It was probably lucky for both of us that there was no dashcam about. There is no evidence, other than this account, of his shameful racism, or of my own shameful failure to do anything to stop him.
I should have at least stepped out of his horrible car and sent him to the back of the rank again. He deserved that. But it was a cold day and I wanted to get home. And yes, I realise this is no excuse.
Dublin taxi driver Samuel Johnson, who was born in Nigeria but lives here with his family, did have a dashcam last weekend when he took on a drunk male passenger and attempted to get him home, only to suffer assault and racial abuse.
The resulting footage - and it's a topic for another day to note we must hope that the presence of the camera was well-flagged - has been shared online. It is grim, but worth enduring if you can bear it and it's understood a suspect has handed himself in to police.

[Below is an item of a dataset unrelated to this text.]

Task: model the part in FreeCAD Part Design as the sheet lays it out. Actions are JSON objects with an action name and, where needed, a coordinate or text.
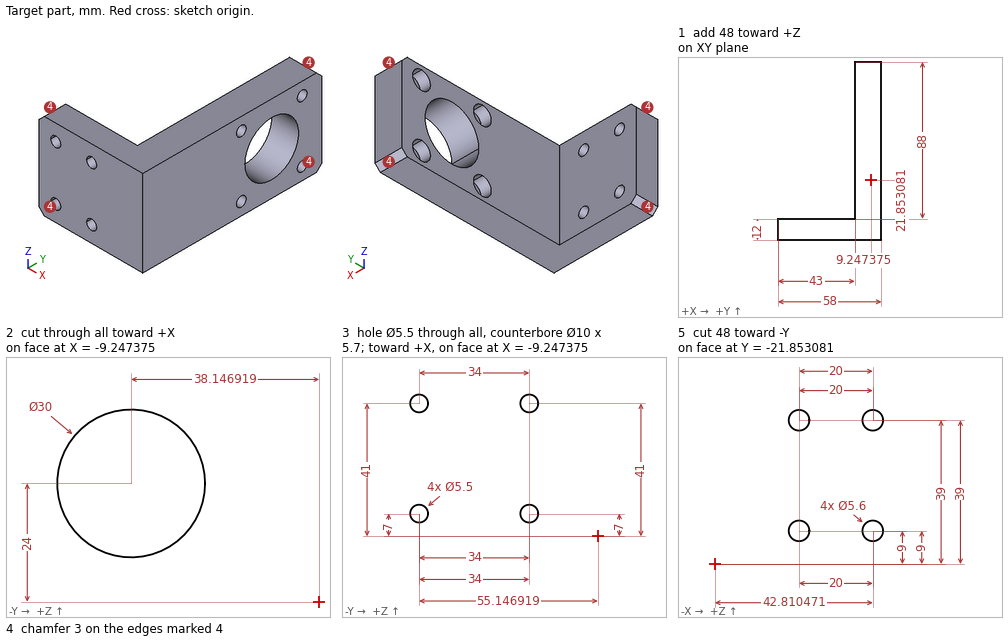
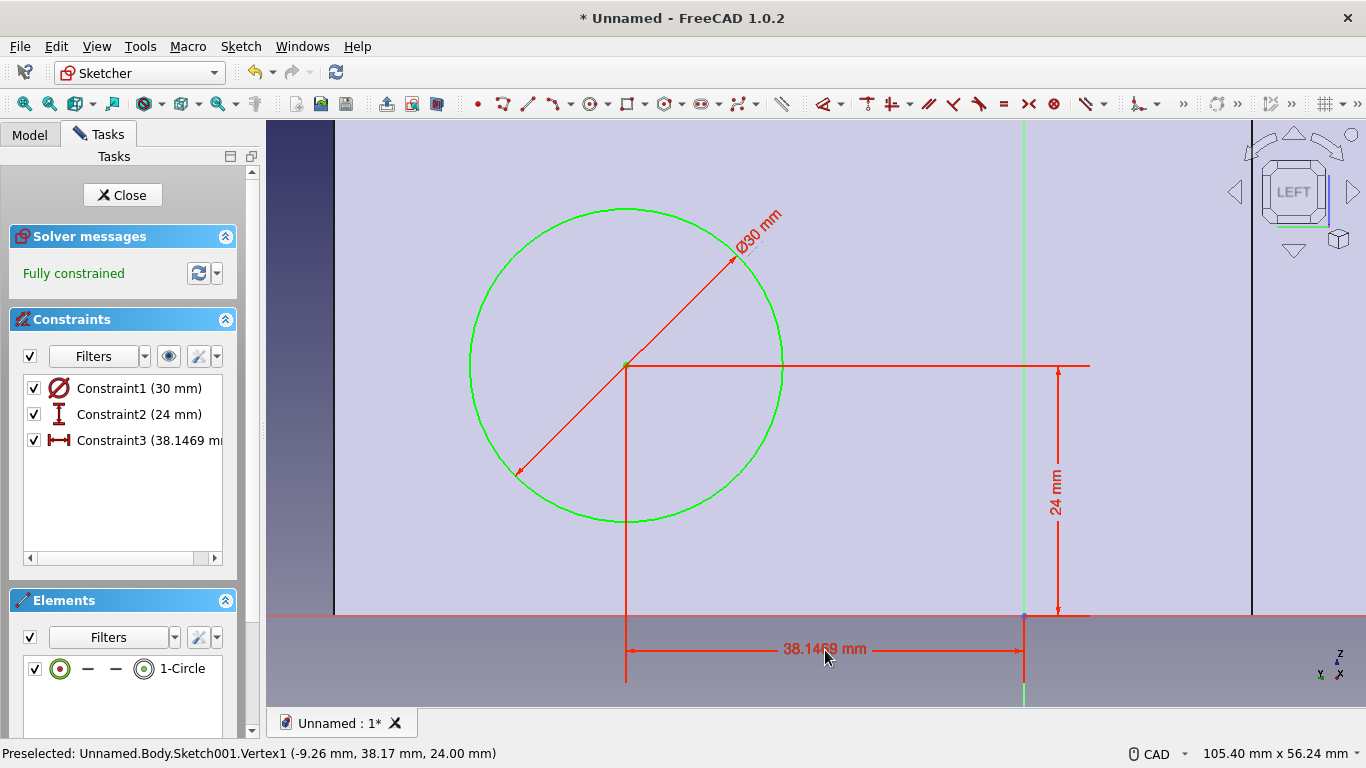
{"action": "left_click", "coordinate": [123, 195]}

"I was really in shock as this has never happened to me before," Mr Johnson told the Irish Independent, as he said he wanted "justice". "I still feel the pain that something like that can happen."
The reality is that something like this does happen, very probably more often than any of us would like to admit. We don't know how often, because we have laws against assault, of course, but no laws against hate crime. Thus we have no clear data on the extent of hate crime in Ireland. We have only anecdotes that would make you wince.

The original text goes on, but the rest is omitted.